(Dataset excerpts)
BEGIN
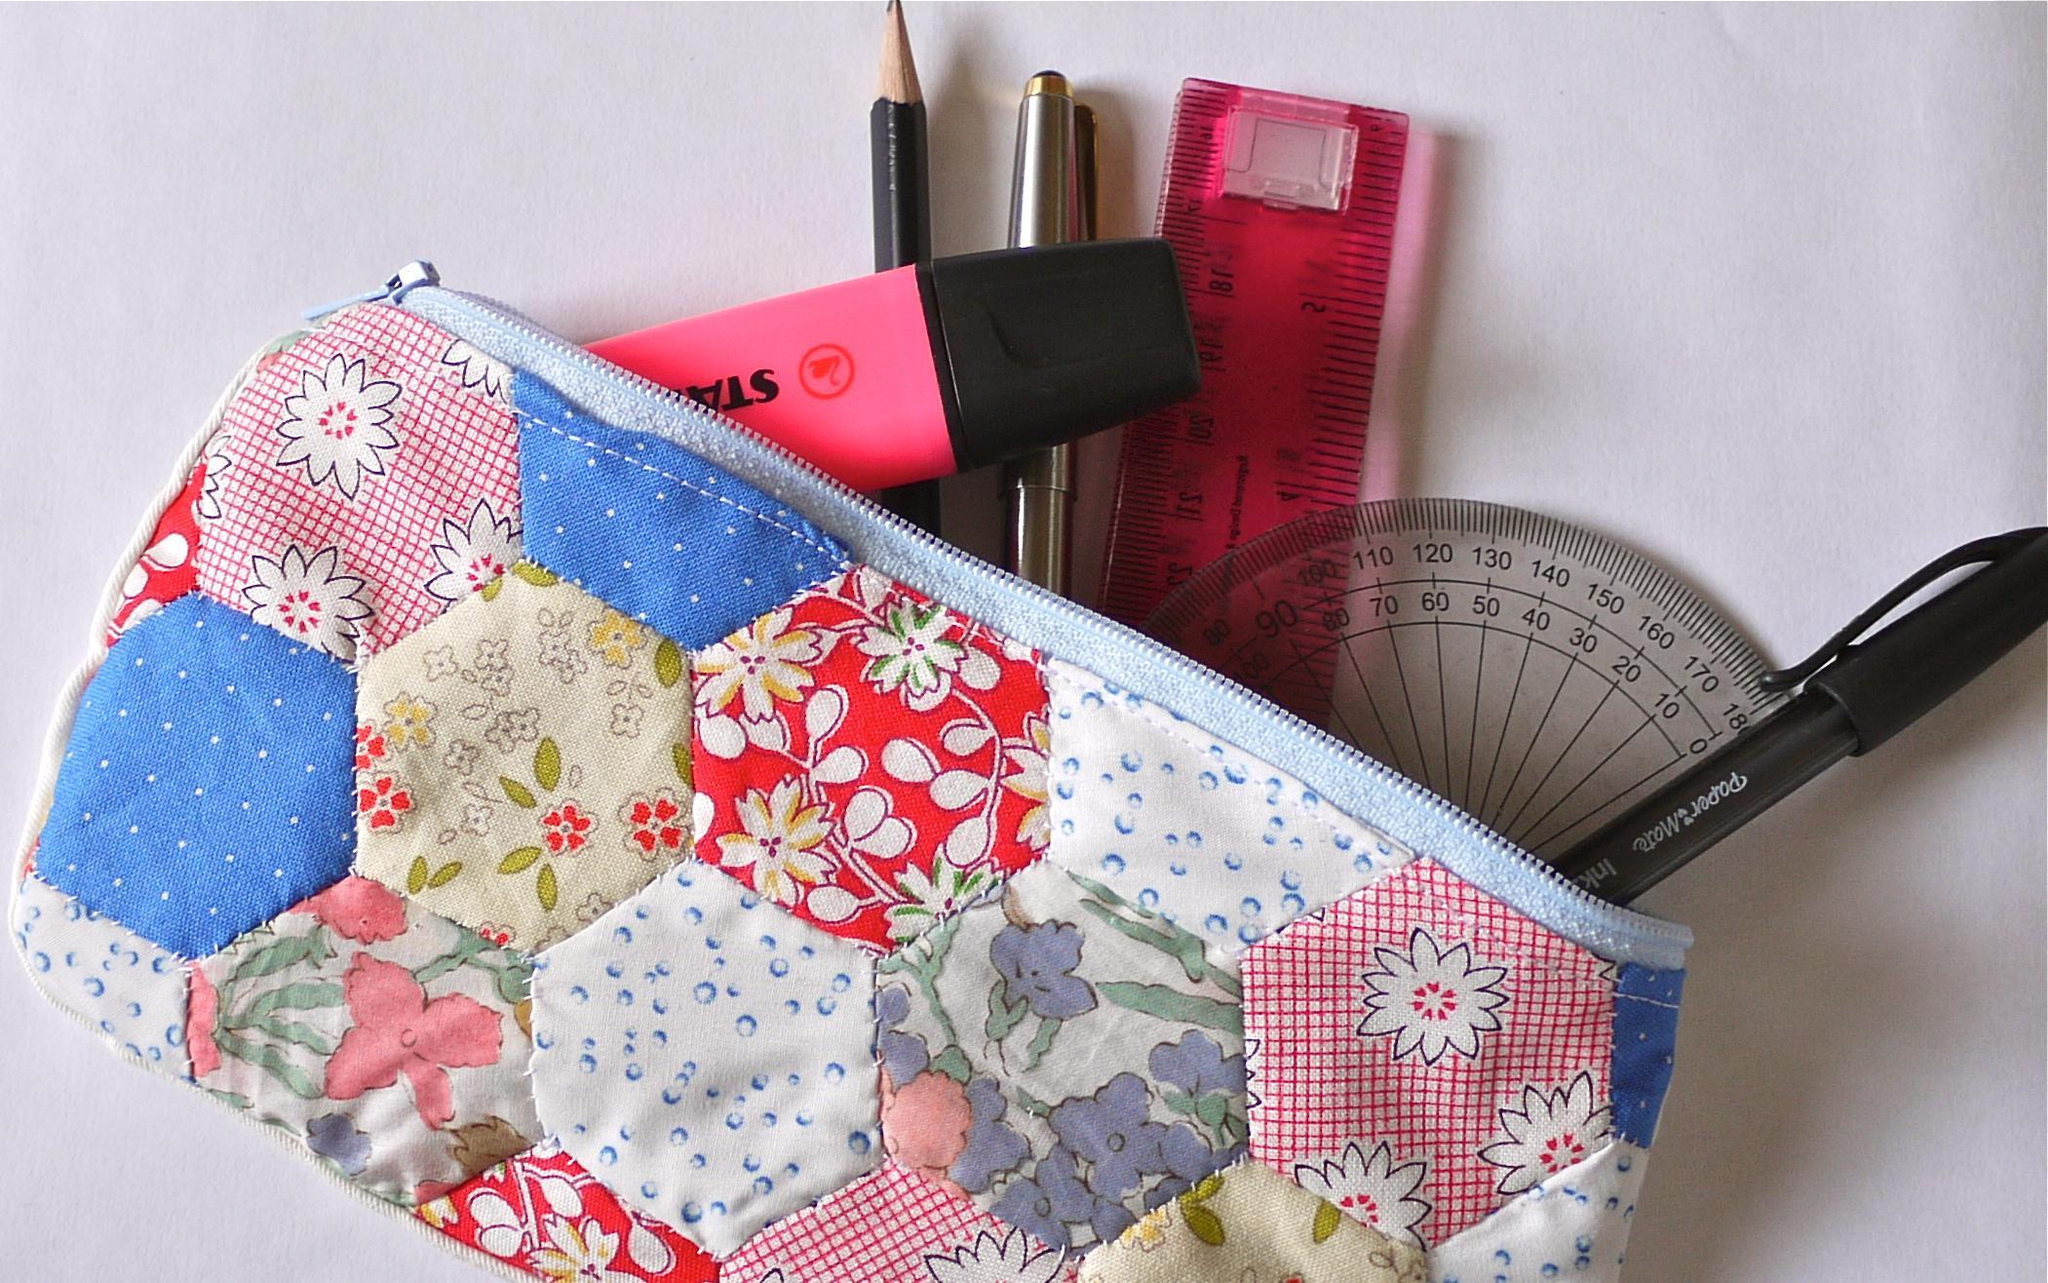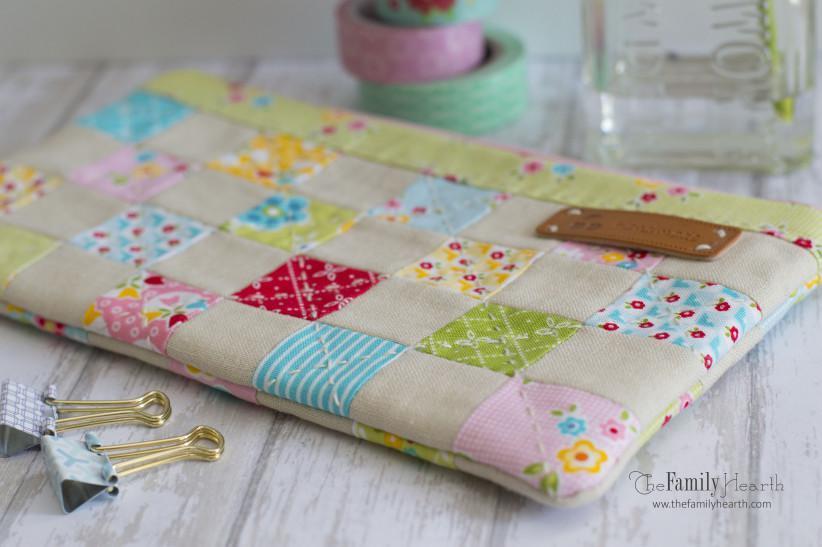The first image is the image on the left, the second image is the image on the right. Evaluate the accuracy of this statement regarding the images: "Exactly one pouch is open with office supplies sticking out.". Is it true? Answer yes or no. Yes. The first image is the image on the left, the second image is the image on the right. For the images shown, is this caption "One image shows two tube-shaped zipper cases with patchwork patterns displayed end-first, and the other image shows one flat zipper case with a patterned exterior." true? Answer yes or no. No. 
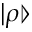<formula> <loc_0><loc_0><loc_500><loc_500>| \rho \ r r a n g l e</formula> 
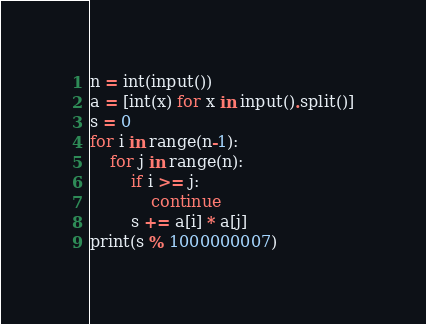<code> <loc_0><loc_0><loc_500><loc_500><_Python_>n = int(input())
a = [int(x) for x in input().split()]
s = 0
for i in range(n-1):
    for j in range(n):
        if i >= j:
            continue
        s += a[i] * a[j]
print(s % 1000000007)</code>
END
▸ **Work to complete**: Could you repeat all of the entries exactly, without the pictures?

▸ **The answer**:
The first image is the image on the left, the second image is the image on the right. Evaluate the accuracy of this statement regarding the images: "Exactly one pouch is open with office supplies sticking out.". Is it true? Answer yes or no. Yes. The first image is the image on the left, the second image is the image on the right. For the images shown, is this caption "One image shows two tube-shaped zipper cases with patchwork patterns displayed end-first, and the other image shows one flat zipper case with a patterned exterior." true? Answer yes or no. No. 
<formula> <loc_0><loc_0><loc_500><loc_500>| \rho \ r r a n g l e</formula> 
<code> <loc_0><loc_0><loc_500><loc_500><_Python_>n = int(input())
a = [int(x) for x in input().split()]
s = 0
for i in range(n-1):
    for j in range(n):
        if i >= j:
            continue
        s += a[i] * a[j]
print(s % 1000000007)</code>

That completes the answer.